Thank you all for your kind and quick replies. I did take a fecal sample into the vet today as she had more diarrhea this morning, which I could have predicted. BUT, it was a little more solid (if there's a consistency between mud and water, that'd be it...maybe like a creamy soup......have i ruined everyone's day yet? :smile: just kidding, i know none of you are scared off by poop!) Regardless, the vet suggested another fast too and when he saw the grimace I made when he said it, he said "Jill, it'd be like trying to put out a fire with gasoline." Which again....makes sense. I know my girl, and I know fasting is the only trick for her -- though thank you, chowder for your suggestion -- I will definitely get some immodium for the future as the vet said it would be okay (never tried that one).

He thinks that it's just the transition to raw.....well, not the transition itself but the fact that treats got involved.  Boy do I feel like a bad mama for not putting it together sooner...or for not denying her any treats altogether....(even if they seemed impossible for her lazy self to get at -- she did not get any treats aside from this). 

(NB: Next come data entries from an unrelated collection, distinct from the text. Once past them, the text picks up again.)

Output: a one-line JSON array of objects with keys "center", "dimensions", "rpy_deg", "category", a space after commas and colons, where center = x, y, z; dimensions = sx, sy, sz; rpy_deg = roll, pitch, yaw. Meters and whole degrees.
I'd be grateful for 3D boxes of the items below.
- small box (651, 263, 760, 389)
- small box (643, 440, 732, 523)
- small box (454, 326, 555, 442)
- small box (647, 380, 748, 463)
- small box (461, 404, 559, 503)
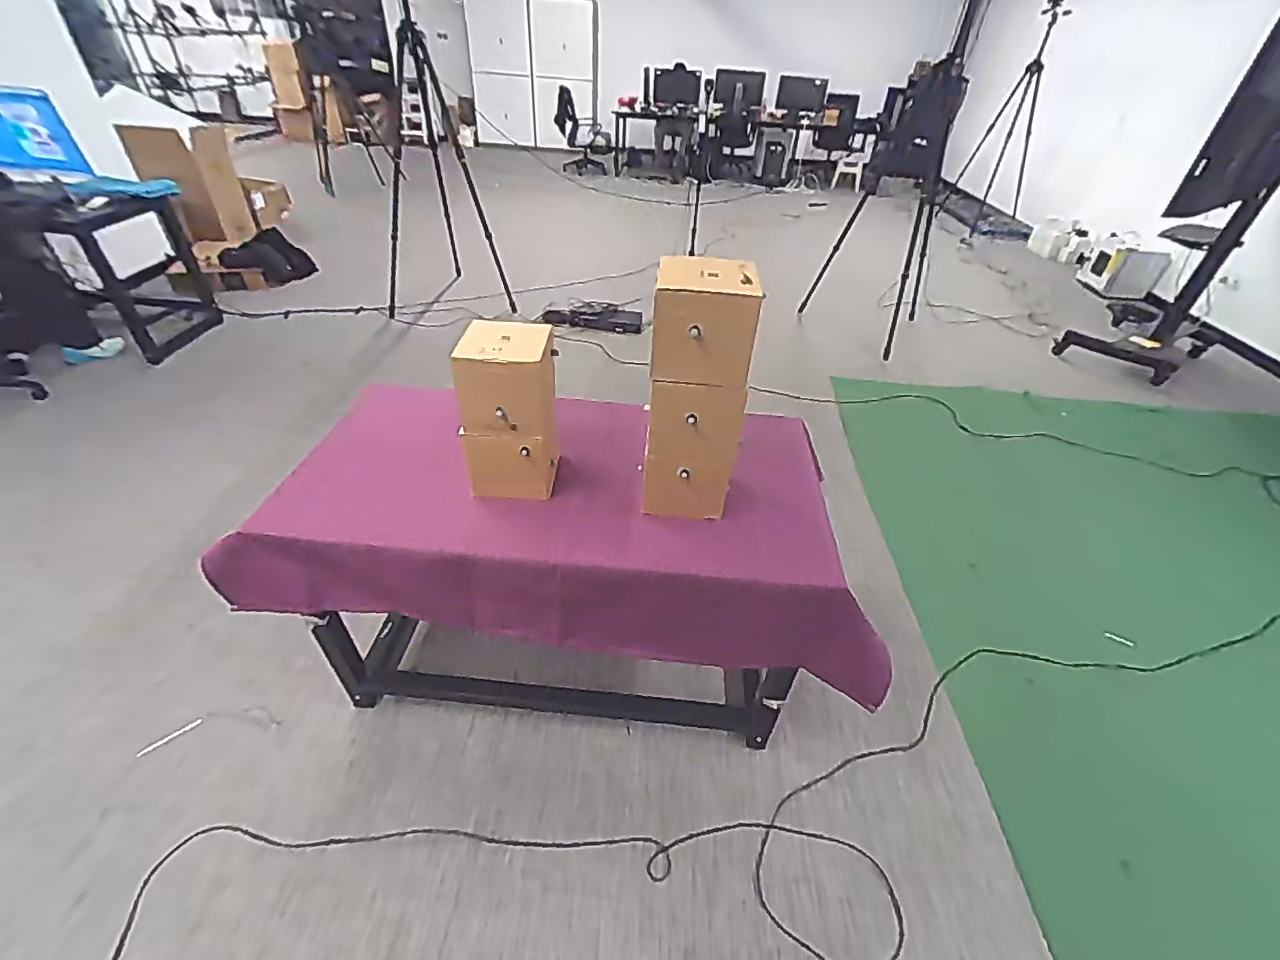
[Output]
[{"center": [0.112, -0.276, 0.973], "dimensions": [0.179, 0.176, 0.168], "rpy_deg": [4, 40, 3], "category": "small box"}, {"center": [0.100, -0.023, 1.182], "dimensions": [0.179, 0.176, 0.168], "rpy_deg": [6, 40, 2], "category": "small box"}, {"center": [-0.267, -0.198, 1.111], "dimensions": [0.168, 0.176, 0.179], "rpy_deg": [3, 39, -1], "category": "small box"}, {"center": [0.111, -0.149, 1.077], "dimensions": [0.179, 0.176, 0.168], "rpy_deg": [5, 40, 3], "category": "small box"}, {"center": [-0.281, -0.063, 1.207], "dimensions": [0.179, 0.176, 0.168], "rpy_deg": [3, 39, -2], "category": "small box"}]

I will keep you all updated...but thanks for being my life line in a scary time. I appreciate you all so much. Group hug! :grouphug:


----------



## minnieme

Btw, fecals just came back negative for any parasites/bacteria


----------



## magicre

i said it in private message and i'll say it again.
her poo is getting less watery and more solid, though not at all where you want it.

from watery to soupy is a positive sign.

slippery elm does not just quell nausea, it coats the intestinal lining and the gastric lining....

i really feel you are on the right track.....the stools are less than they were before the last bout of zuke's treats and they are soupy, which is a step in the right direction.

she is eating with an appetite...which tells me that she needs time. this is not an overnight thing.

at this stage, she needs to eat. half of what her weight says she should have, but she needs to eat. this will resolve.


----------



## DaneMama

I have to agree with Re here. She's making progress even if it is slow. Just stick with one thing and be consistent. Cut out all treats. Fast her, feed her small meals to begin with, and slowly add more food back in. 

I've been in the same boat as you with skinny Danes. It broke my heart to see them so thin, but sticking to raw got them on the right track. You've got to remember that they're dogs and can handle being fasted. The picture you posted is of a thin Dane, but that dog also has good muscle build. A dog that is truly starving or "wasting away" wouldn't have muscle tone really at all. 

Keep us posted.


----------



## DaneMama

And please don't fast for more than 24 hours. There's no need to go longer than that.


----------



## minnieme

Gave her a 1/2 lb chicken back...and within 15 mins more diarrhea. This time though it was half of that soupy consistency and half mucous. Pure, clear jelly looking mucous. Have never seen that much before (at least a quarter cup if not a little more). I know mucous helps coat the intestines and get things out a bit more smoothly, but I was amazed by the amount of it (and the fact that it wasn't really coating anything at all, it seemed).


----------



## magicre

minnieme said:


> Gave her a 1/2 lb chicken back...and within 15 mins more diarrhea. This time though it was half of that soupy consistency and half mucous. Pure, clear jelly looking mucous. Have never seen that much before (at least a quarter cup if not a little more). I know mucous helps coat the intestines and get things out a bit more smoothly, but I was amazed by the amount of it (and the fact that it wasn't really coating anything at all, it seemed).


the pure clear jelly looking mucous for anyone who doesn't know, if the slippery elm bark....it coats the lining of the gastric system and intestinatl tract with mucous to protect...and now it's excreting...that's all that is.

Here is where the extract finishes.